Megadeth deserves the accolades. Over the years, Mustaine has remained the sole original member of the group, hiring and firing various musicians to help him realize his rock-and-roll goals. This latest configuration (brothers Glen and Shawn Drover—guitarist and drummer, respectively—and bassist James Macdonough) tears up the set list, producing a continuous stream of amazing metal thrash. Still capable of cranking up the old-school speed material, there are several standout recreations of classic '80s anthems ("Set the World Afire," "Wake Up the Dead"). As if to prove that age has not deadened their desire, songs from 2004's The System Has Failed sound equally good.

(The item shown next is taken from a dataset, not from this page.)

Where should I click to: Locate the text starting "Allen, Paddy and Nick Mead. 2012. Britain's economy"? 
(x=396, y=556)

Megadeth does make it look incredibly easy, the slightest movement of their wrists rendering the guitars like unholy assault weapons. Even when the riffing gets complicated and almost prog-like, the band's aural brashness is never compromised or controlled. Indeed, Mustaine may sing in a strained, almost subdued, voice, but his presence is practically incendiary. You keep waiting for the moment when he, like the rest of the noise his bandmates are making, literally detonates right in front of your eyes. Naturally, the Argentineans love each and every nuclear notation. This is especially true when Mustaine changes the lyrics of "Coming Home" to reflect "Argentina," not "Arizona," as the frontman's return location of choice.

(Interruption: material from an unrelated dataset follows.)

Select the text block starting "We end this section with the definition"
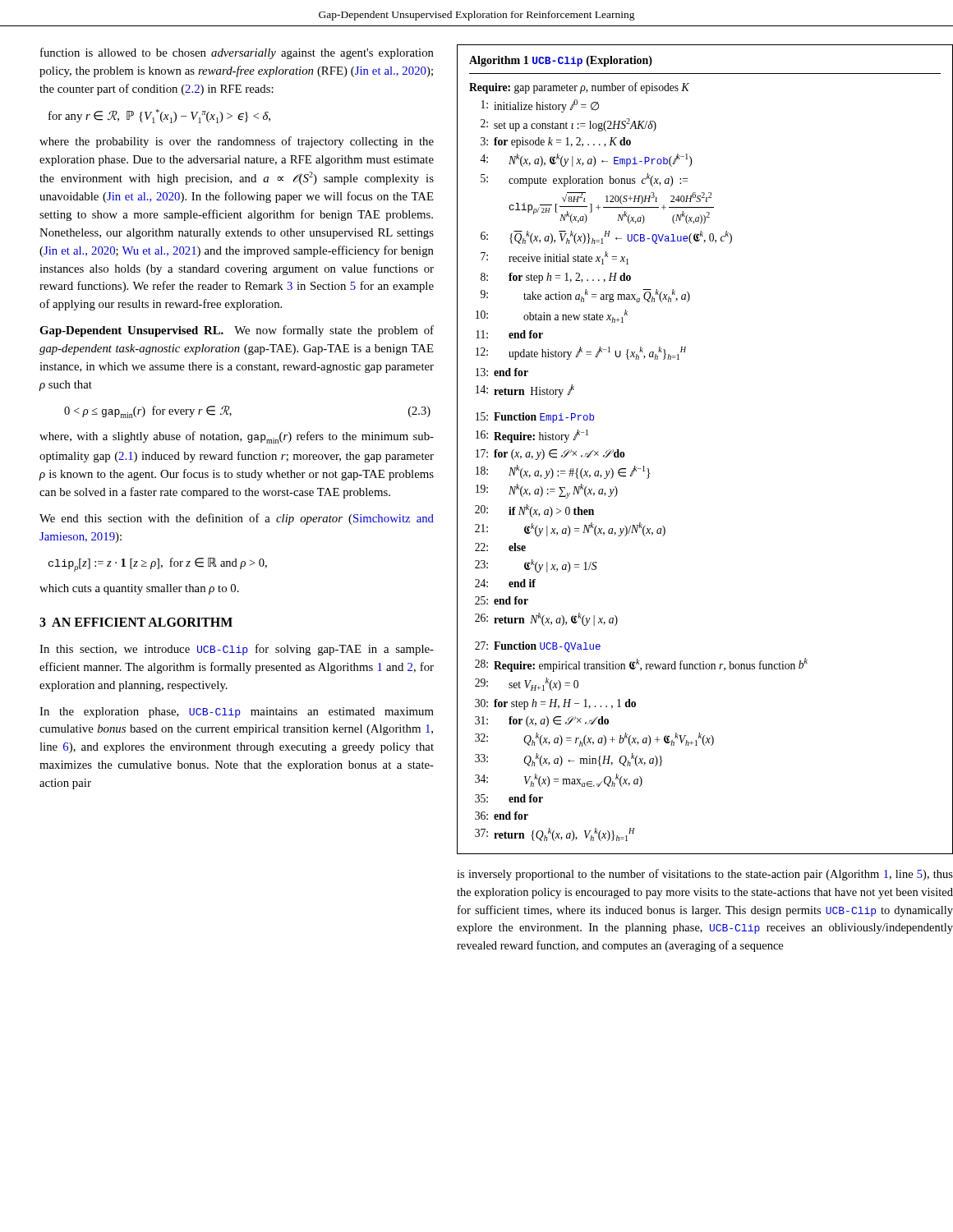(237, 528)

All purposeful pandering aside, That One Night is a classic concert presentation. It's not trying to be Stop Making Sense, or redefine the live experience a la The Last Waltz. Instead, this is a souvenir for everyone who enjoys ferociously and effectively made metal. The 1.78:1 anamorphic widescreen image is amazing—-- crystal clear and loaded with definable detail. You can even see the scruffy beard Mustaine wears and the sweat beading up on his cohorts' considered faces. Michael Sarna's direction is top flight: not too MTV-edit heavy, but much better than your basic point-and-shoot standards. He loves getting up close on the band as they break out in complex countermelodies, and there are plentiful crowd shots to illustrate the audience's appreciation.

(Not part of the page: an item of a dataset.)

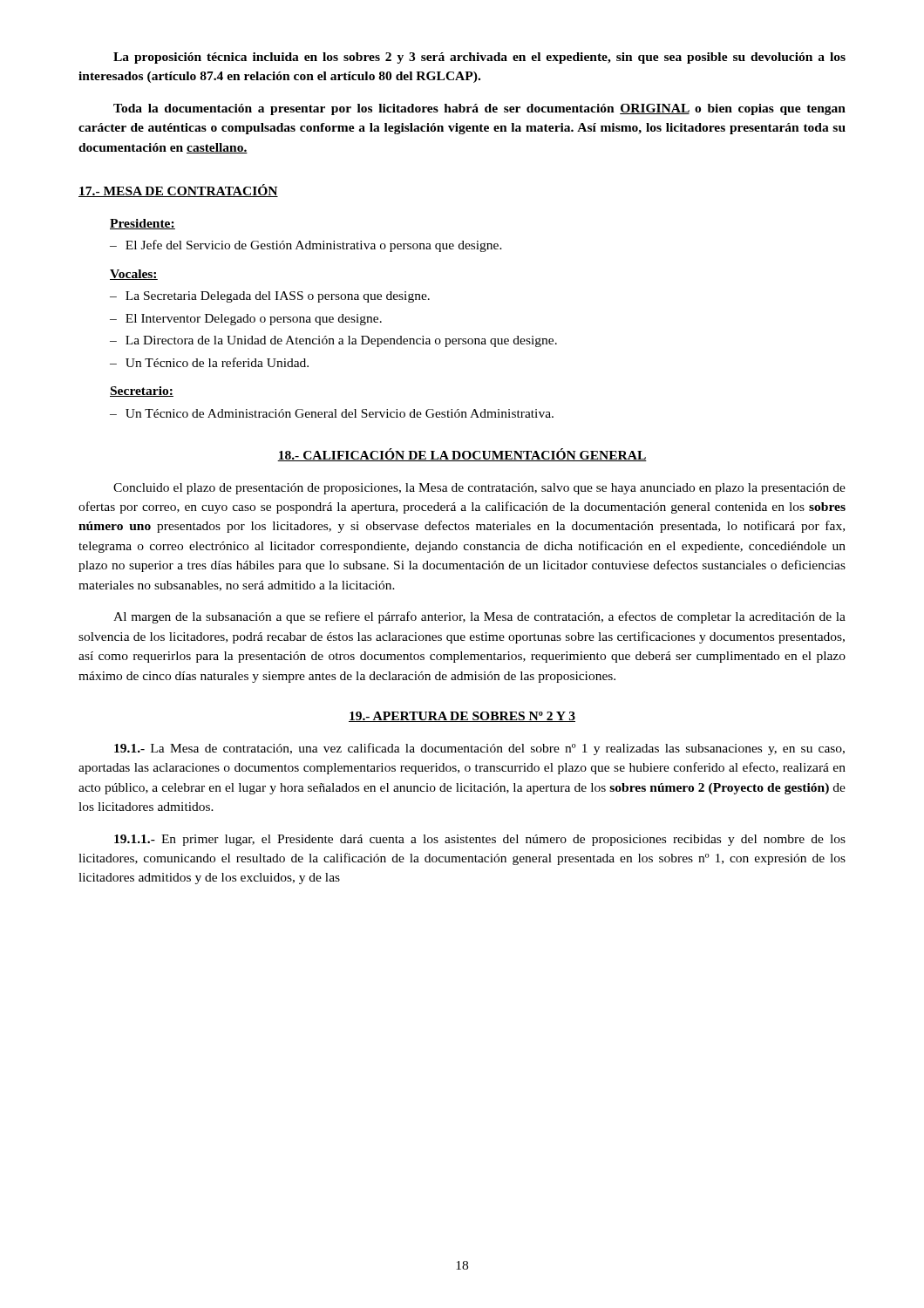Navigate to the text starting "18.- CALIFICACIÓN DE"
Screen dimensions: 1308x924
(462, 455)

As for sound mixing, the Dolby Digital Stereo 5.1 DTS track is dynamic, expertly recreating the stadium concert experience. The instrumentation is kept perfectly modulated, and while Mustaine's vocals are a little too low in the mix, this appears to be a board problem, not a matter of remastering. The standard 5.1 and 2.0 Stereo tracks are equally effective, with all three delivering a dynamite recreation of Megadeth live. Sadly, the only significant extra (except for some behind the scenes footage inserted into the show itself) is an alternate version of "Symphony of Destruction." While the arrangement remains more or less the same, the editing is a little more manic, giving this sole bit of added content a rather pointless feel.
With a new album in the works, and a new religion helping him find guidance and focus (Mustaine recently announced his born-again Christianity), Megadeth appears prepared to give its unrealistic rival a post-millennial run for its money. Even as middle age sets in (Mustaine is 46 this year), That One Night proves that he's not about to slow or stop. Anyone who rocks as hard and as honestly as this industry survivor deserves all the audience reaction he gets. And no one gives better spectator spectacle than the crowds in South America. This is a must-own DVD for any fan of music or Megadeth.